Hi John,
thank you for sharing your thoughts. I am just in the same process/
needs. I have a PHP-Application that grew into too much spagetthi-
code over the years, and we have a strong need for a compiled, typed
language to preserve stability and be able to continue growing.
This is a medium size site (av 2000 user/day, 30000/pages per day).
But we use heavy calculations and database interaction.
Being able to cache in PHP is crucial. And this performance thingy is
my only worry about using wicket ...
Can anyone share some performance experiences?
Thank you,
Alex
Am 29.03.2006 um 11:38 schrieb John Lee:
I wish I had the time :-) I'm in the process of moving my client's
code from php->Java. Need to move to a typed language. Things were
getting way too messy with PHP. I discovered wicket and think it's
the right way to go. But I wanted to share my perspective from what
I learned running a relatively high traffic website for a client...
For very high concurrency sites (usually public facing websites as
opposed to intranet sites), memory (and CPU cycles used for object
creation/gc) would seem to be the serious handicap for wicket.
Small/medium sized operators simply *cannot* afford to overlook
these in favor of the rich feature set & programming speed wicket
has to offer. Also in order to capture the hosted market, one has
to design for VPS servers where CPU & memory are at a premium.
I believe that wicket absolute needs these 2 things to make it to
the mainstream public web:
1) stateless objects - all users share a single object, thereby
drastically reducing memory consumption and tremendously boosting
scalability.
2) html page & fragment caching
Thanks for listening.
John
Eelco Hillenius wrote:
Is that a proposal? :)
My first thought on this is to use AOP and meta data (either
annotations or Wicket meta data). If people are interested, they can
startup a project in wicket-stuff for this. We (the core developers)
will try to help when needed/ possible.
Ramnivas, are you reading with us? Would you agree AOP is suitable
for this?
Eelco
On 3/29/06, John Lee <[EMAIL PROTECTED]> wrote:
Hi
I can tell you for public facing websites (vs enterprise),
caching is a
key feature that system architects will insist upon. In order to
support
extremely high concurrency & throughput, one simply must be able to
cache portions of HTML fragments.
On my previous php based projects, I use caching to increase
throughput
from 30pps to 300pps. That's a factor of 10x. So we're talking
about 1
machine replacing 10. From a business perspective, this is
absolutely
crucial.
In my opinion, if wicket is going to make it to the mainstream
public-facing web, it absolutely needs a comprehensive caching
framework. If possible, the caching framework should not only
eliminates
re-rendering of cached HTML fragments, but also eliminate the
need to
instantiate objects until actually needed.
John
Juergen Donnerstag wrote:
On 1/2/06, Dariusz Wojtas <[EMAIL PROTECTED]> wrote:
Hi,
Is it possible to cache dynamically generated content with Wicket?

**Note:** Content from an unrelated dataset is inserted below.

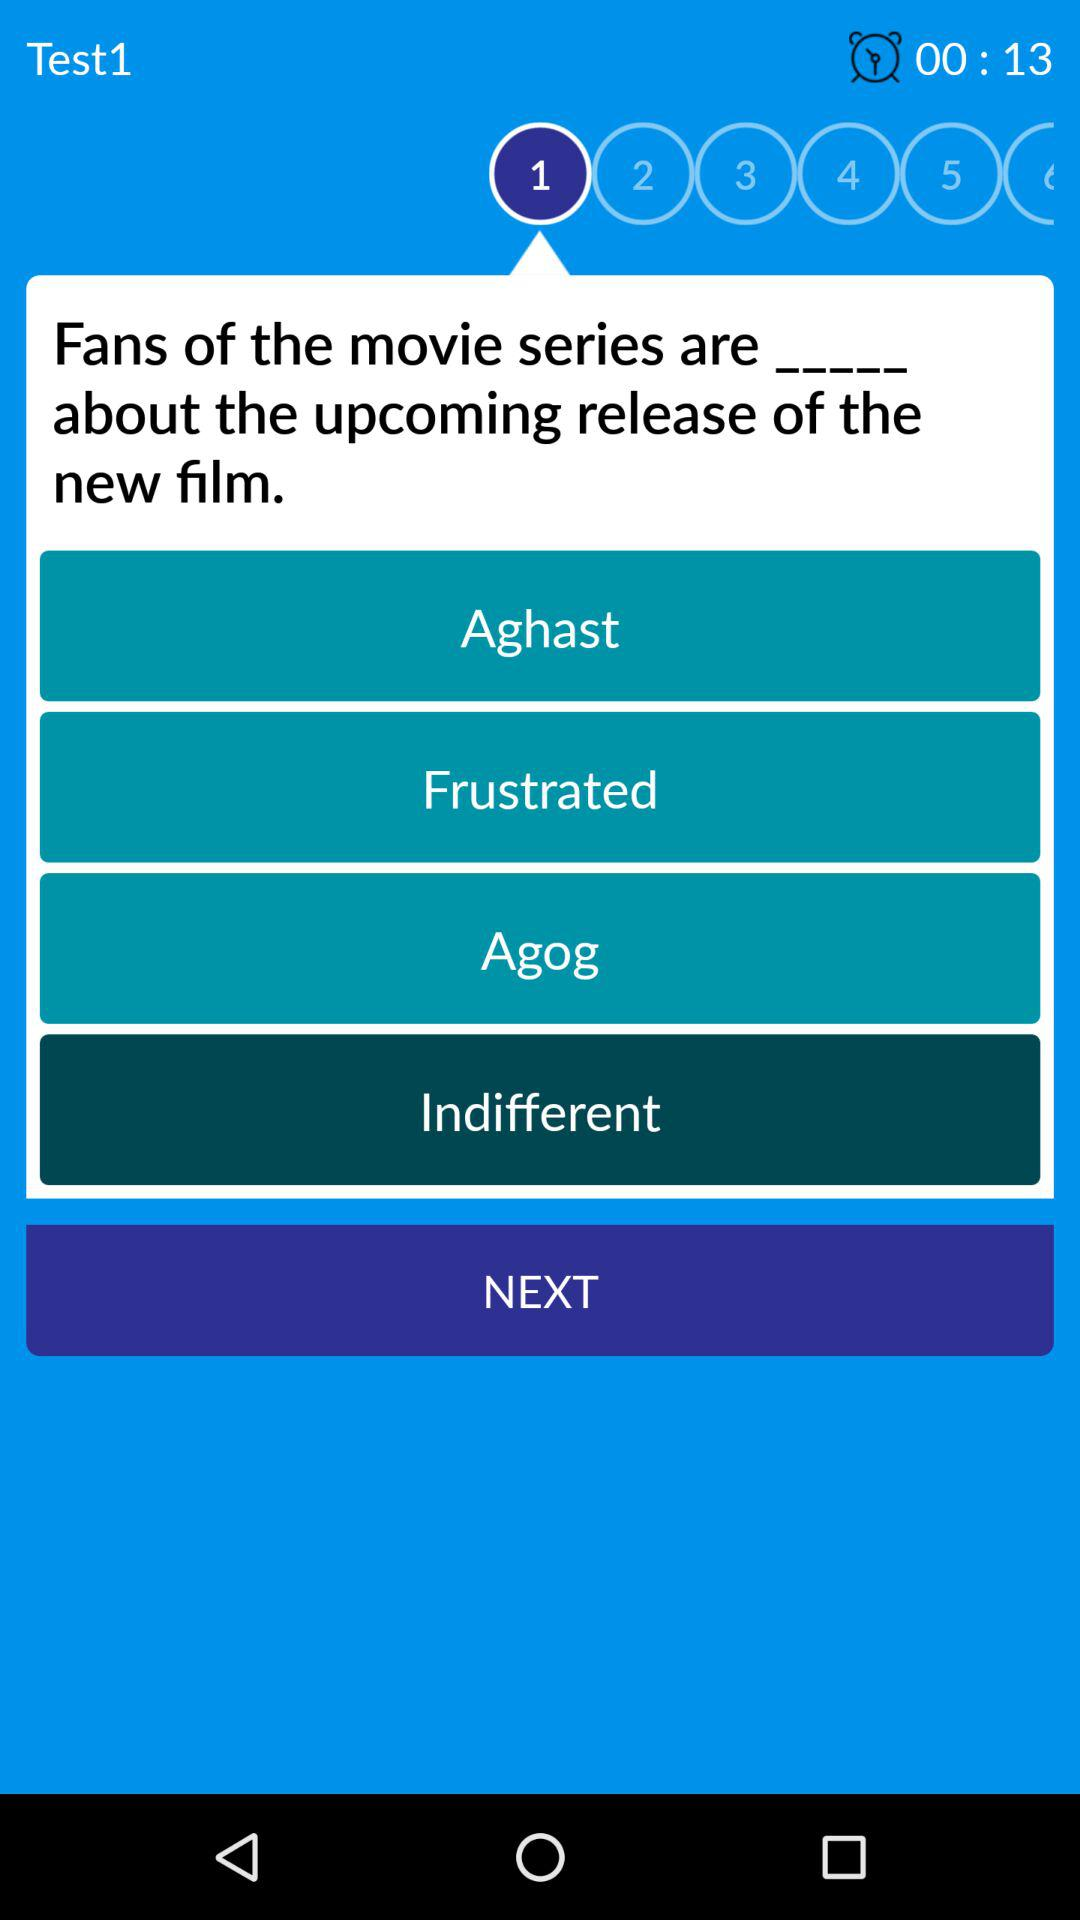Which option is selected out of four? The selected option out of four is "Indifferent".

When using JSP I may use OSCache tags (specify conditions,
timeout,
etc) or create a custom tag that uses any cache implementation
inside.
Can this be done with Wicket?
Can panel contents be cached? Other elements? How?
For example I generate table where each row contains quite
complex data.
I'd like to be able to cache each row if needed. Every row might
contain a unique ID to make caching possible.
Not out of box yet, but I don't think it is difficult to implement
based on the recently committed "transformers". Currently only a
XSLT
and a noop transformer is available but the idea would be the same.
You just wouldn't transform the output generated by the
component but
store them in a cache and restore it when needed. The cache key
could
be anything from the component object, its id or path. All children
would have to me marked rendered though in order to avoid an
exception.
Tranformers are available as Container and Behaviours.
Q. Should the cache span the whole application because the panel
you
want to cache is used on multiple pages? Will the panel/list be the
same for all users?
Q: what would be the best cache key?